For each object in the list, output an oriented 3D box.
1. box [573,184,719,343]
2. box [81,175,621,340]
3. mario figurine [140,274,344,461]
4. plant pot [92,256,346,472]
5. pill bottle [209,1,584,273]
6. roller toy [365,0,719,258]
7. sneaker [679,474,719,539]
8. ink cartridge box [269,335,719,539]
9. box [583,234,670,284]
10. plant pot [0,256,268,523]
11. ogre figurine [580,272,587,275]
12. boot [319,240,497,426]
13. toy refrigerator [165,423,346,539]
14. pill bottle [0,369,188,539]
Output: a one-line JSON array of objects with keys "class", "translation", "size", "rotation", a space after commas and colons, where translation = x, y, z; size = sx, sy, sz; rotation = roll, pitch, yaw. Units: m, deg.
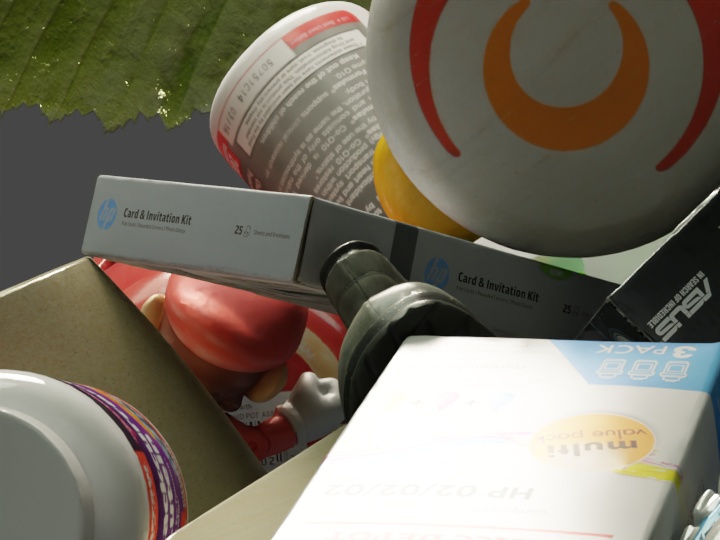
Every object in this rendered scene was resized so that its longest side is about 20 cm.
[{"class": "box", "translation": [0.152, -0.007, 1.020], "size": [0.160, 0.044, 0.200], "rotation": [-44, -6, -13]}, {"class": "box", "translation": [0.000, 0.000, 1.133], "size": [0.200, 0.041, 0.156], "rotation": [16, -5, -40]}, {"class": "mario figurine", "translation": [-0.089, 0.070, 1.258], "size": [0.123, 0.106, 0.200], "rotation": [21, -74, -42]}, {"class": "plant pot", "translation": [-0.076, 0.068, 1.376], "size": [0.200, 0.201, 0.183], "rotation": [-23, 6, -2]}, {"class": "pill bottle", "translation": [0.019, -0.040, 1.330], "size": [0.114, 0.200, 0.114], "rotation": [-31, -29, -19]}, {"class": "roller toy", "translation": [0.099, -0.101, 1.139], "size": [0.182, 0.200, 0.140], "rotation": [6, 10, 6]}, {"class": "sneaker", "translation": [0.182, 0.070, 0.737], "size": [0.200, 0.075, 0.087], "rotation": [-24, 9, -25]}, {"class": "ink cartridge box", "translation": [0.043, 0.091, 0.764], "size": [0.115, 0.068, 0.200], "rotation": [0, 23, 18]}, {"class": "box", "translation": [0.206, -0.053, 1.387], "size": [0.199, 0.171, 0.200], "rotation": [-20, -11, 30]}, {"class": "plant pot", "translation": [-0.126, 0.102, 1.133], "size": [0.187, 0.200, 0.187], "rotation": [-22, 4, 2]}, {"class": "ogre figurine", "translation": [0.125, 0.055, 1.226], "size": [0.120, 0.098, 0.200], "rotation": [8, 42, 48]}, {"class": "boot", "translation": [0.016, 0.035, 0.965], "size": [0.068, 0.131, 0.200], "rotation": [-37, -36, 0]}, {"class": "toy refrigerator", "translation": [-0.012, 0.121, 1.000], "size": [0.200, 0.076, 0.070], "rotation": [-28, -28, -59]}, {"class": "pill bottle", "translation": [-0.131, 0.094, 0.955], "size": [0.111, 0.111, 0.200], "rotation": [-22, -5, 1]}]
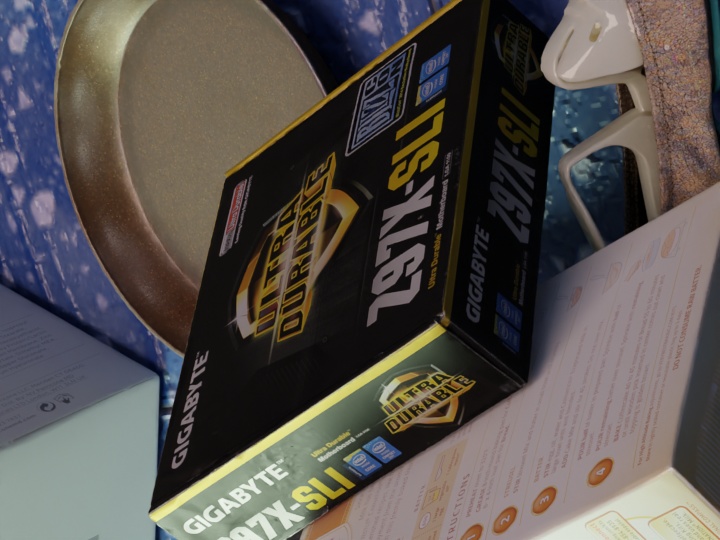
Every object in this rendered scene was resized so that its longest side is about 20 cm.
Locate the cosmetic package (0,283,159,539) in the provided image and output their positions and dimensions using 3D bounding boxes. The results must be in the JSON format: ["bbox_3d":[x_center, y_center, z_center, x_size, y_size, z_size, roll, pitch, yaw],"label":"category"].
[{"bbox_3d":[-0.212,0.118,1.432,0.200,0.123,0.200,27,126,35],"label":"cosmetic package"}]

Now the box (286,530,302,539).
[{"bbox_3d":[0.031,0.139,1.166,0.200,0.050,0.158,-32,59,38],"label":"box"}]

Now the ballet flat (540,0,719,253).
[{"bbox_3d":[0.104,-0.060,1.042,0.068,0.067,0.200,-123,21,-76],"label":"ballet flat"}]

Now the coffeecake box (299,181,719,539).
[{"bbox_3d":[0.070,0.076,1.002,0.200,0.154,0.073,-31,116,36],"label":"coffeecake box"}]

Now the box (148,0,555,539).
[{"bbox_3d":[0.000,0.000,1.082,0.160,0.200,0.049,-33,120,33],"label":"box"}]

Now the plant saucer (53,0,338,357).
[{"bbox_3d":[-0.063,-0.049,1.266,0.200,0.032,0.201,22,122,40],"label":"plant saucer"}]
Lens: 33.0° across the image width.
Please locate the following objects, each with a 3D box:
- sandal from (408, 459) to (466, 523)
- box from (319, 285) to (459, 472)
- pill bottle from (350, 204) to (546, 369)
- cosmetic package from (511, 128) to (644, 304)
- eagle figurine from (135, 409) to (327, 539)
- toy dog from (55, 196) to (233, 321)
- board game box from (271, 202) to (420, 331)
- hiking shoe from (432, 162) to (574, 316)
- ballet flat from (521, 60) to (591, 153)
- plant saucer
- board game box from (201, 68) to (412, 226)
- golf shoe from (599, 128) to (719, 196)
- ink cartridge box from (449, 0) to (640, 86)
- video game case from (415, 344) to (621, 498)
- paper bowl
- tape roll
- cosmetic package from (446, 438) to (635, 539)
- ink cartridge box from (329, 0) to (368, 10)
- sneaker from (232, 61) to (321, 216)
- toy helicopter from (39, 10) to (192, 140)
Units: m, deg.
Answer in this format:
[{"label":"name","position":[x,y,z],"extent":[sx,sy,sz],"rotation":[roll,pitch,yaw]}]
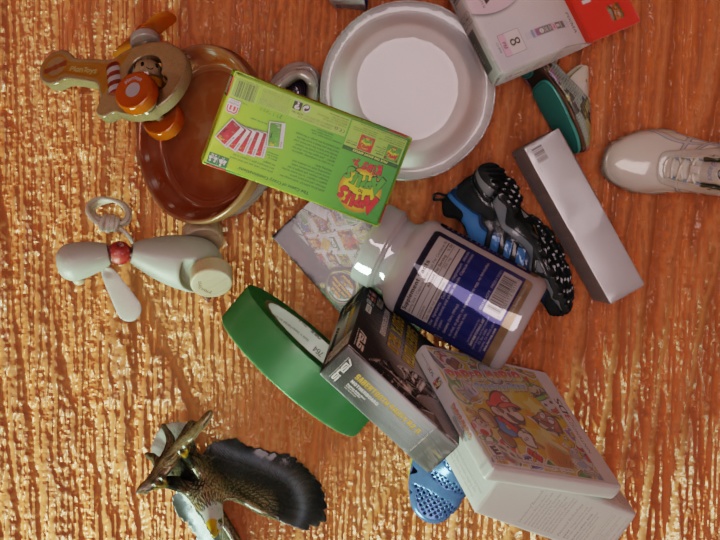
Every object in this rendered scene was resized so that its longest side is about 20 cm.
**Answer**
[{"label":"sandal","position":[0.111,0.203,1.410],"extent":[0.079,0.087,0.201],"rotation":[21,97,-2]},{"label":"box","position":[0.039,0.112,1.326],"extent":[0.158,0.200,0.048],"rotation":[42,107,-7]},{"label":"pill bottle","position":[0.096,0.015,1.354],"extent":[0.199,0.116,0.116],"rotation":[30,95,8]},{"label":"cosmetic package","position":[0.247,-0.062,1.385],"extent":[0.050,0.083,0.201],"rotation":[-30,93,-4]},{"label":"eagle figurine","position":[-0.161,0.268,1.420],"extent":[0.151,0.152,0.200],"rotation":[-21,132,42]},{"label":"toy dog","position":[-0.240,0.001,1.404],"extent":[0.199,0.132,0.097],"rotation":[12,133,5]},{"label":"board game box","position":[0.000,0.000,1.429],"extent":[0.105,0.023,0.200],"rotation":[-41,92,3]},{"label":"hiking shoe","position":[0.173,-0.027,1.408],"extent":[0.087,0.074,0.200],"rotation":[-30,96,30]},{"label":"ballet flat","position":[0.214,-0.230,1.388],"extent":[0.071,0.069,0.200],"rotation":[-40,92,-15]},{"label":"plant saucer","position":[-0.175,-0.153,1.374],"extent":[0.199,0.032,0.202],"rotation":[0,91,37]},{"label":"board game box","position":[-0.057,-0.130,1.287],"extent":[0.199,0.048,0.102],"rotation":[19,98,-12]},{"label":"golf shoe","position":[0.374,-0.120,1.371],"extent":[0.199,0.097,0.079],"rotation":[3,96,3]},{"label":"ink cartridge box","position":[0.199,-0.316,1.345],"extent":[0.199,0.057,0.163],"rotation":[-25,84,-10]},{"label":"video game case","position":[0.171,0.164,1.320],"extent":[0.199,0.182,0.023],"rotation":[15,122,-37]},{"label":"paper bowl","position":[0.053,-0.202,1.372],"extent":[0.199,0.104,0.202],"rotation":[0,94,3]},{"label":"tape roll","position":[-0.064,0.099,1.349],"extent":[0.200,0.200,0.048],"rotation":[41,94,-2]},{"label":"cosmetic package","position":[0.201,0.240,1.357],"extent":[0.199,0.102,0.074],"rotation":[23,110,-28]},{"label":"ink cartridge box","position":[-0.013,-0.342,1.313],"extent":[0.044,0.200,0.095],"rotation":[5,95,2]},{"label":"sneaker","position":[-0.113,-0.151,1.381],"extent":[0.075,0.100,0.201],"rotation":[30,96,-10]},{"label":"toy helicopter","position":[-0.279,-0.230,1.382],"extent":[0.199,0.079,0.133],"rotation":[10,73,25]}]
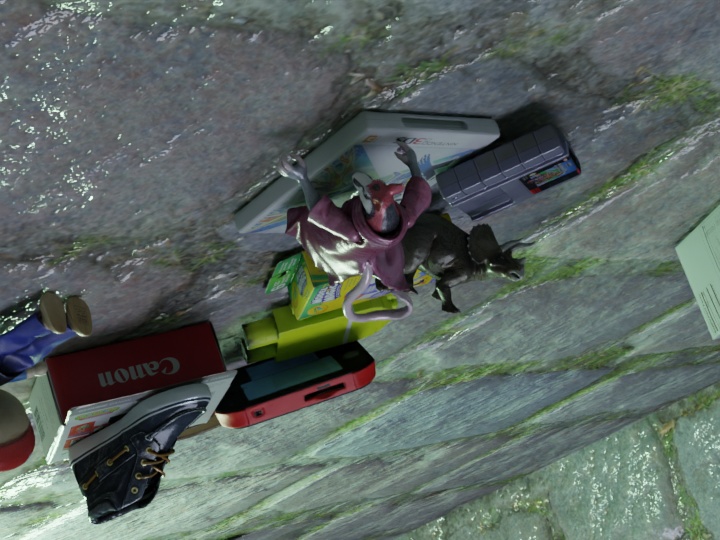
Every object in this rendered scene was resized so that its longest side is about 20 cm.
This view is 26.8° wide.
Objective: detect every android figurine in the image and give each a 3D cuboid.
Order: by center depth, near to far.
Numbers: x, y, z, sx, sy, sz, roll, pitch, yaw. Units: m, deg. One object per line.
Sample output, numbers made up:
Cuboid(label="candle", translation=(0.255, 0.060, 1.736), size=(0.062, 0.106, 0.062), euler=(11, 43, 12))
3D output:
Cuboid(label="android figurine", translation=(-0.045, 0.060, 1.795), size=(0.198, 0.041, 0.182), euler=(-17, 163, -9))

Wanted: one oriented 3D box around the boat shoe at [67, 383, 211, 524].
Cuboid(label="boat shoe", translation=(-0.229, 0.200, 1.642), size=(0.200, 0.091, 0.071), euler=(-32, 159, 26))

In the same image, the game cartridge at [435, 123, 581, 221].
Cuboid(label="game cartridge", translation=(0.154, -0.094, 1.519), size=(0.129, 0.039, 0.200), euler=(-20, 171, 12))

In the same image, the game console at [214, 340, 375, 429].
Cuboid(label="game console", translation=(-0.088, 0.129, 1.833), size=(0.198, 0.031, 0.177), euler=(-17, -162, -9))

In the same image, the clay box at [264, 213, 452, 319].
Cuboid(label="clay box", translation=(0.000, 0.000, 1.645), size=(0.198, 0.048, 0.115), euler=(-16, 165, -16))

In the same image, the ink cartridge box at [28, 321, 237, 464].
Cuboid(label="ink cartridge box", translation=(-0.255, 0.129, 1.691), size=(0.199, 0.084, 0.176), euler=(-12, 160, -25))

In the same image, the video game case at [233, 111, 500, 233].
—————
§ **PROBLEM REQUIREMENTS**:
Beginning with the very first line of the material above, give each line again exactly, ending with the line that contains "Output: a one-line".

§ **TASK RESPONSE**:
For each object in the list, output an oriented 3D box.
1. box [573,184,719,343]
2. box [81,175,621,340]
3. mario figurine [140,274,344,461]
4. plant pot [92,256,346,472]
5. pill bottle [209,1,584,273]
6. roller toy [365,0,719,258]
7. sneaker [679,474,719,539]
8. ink cartridge box [269,335,719,539]
9. box [583,234,670,284]
10. plant pot [0,256,268,523]
11. ogre figurine [580,272,587,275]
12. boot [319,240,497,426]
13. toy refrigerator [165,423,346,539]
14. pill bottle [0,369,188,539]
Output: a one-line JSON array of objects with keys "class", "translation", "size", "rotation", a space after commas and colons, where translation = x, y, z; size = sx, sy, sz; rotation = roll, pitch, yaw. Units: m, deg.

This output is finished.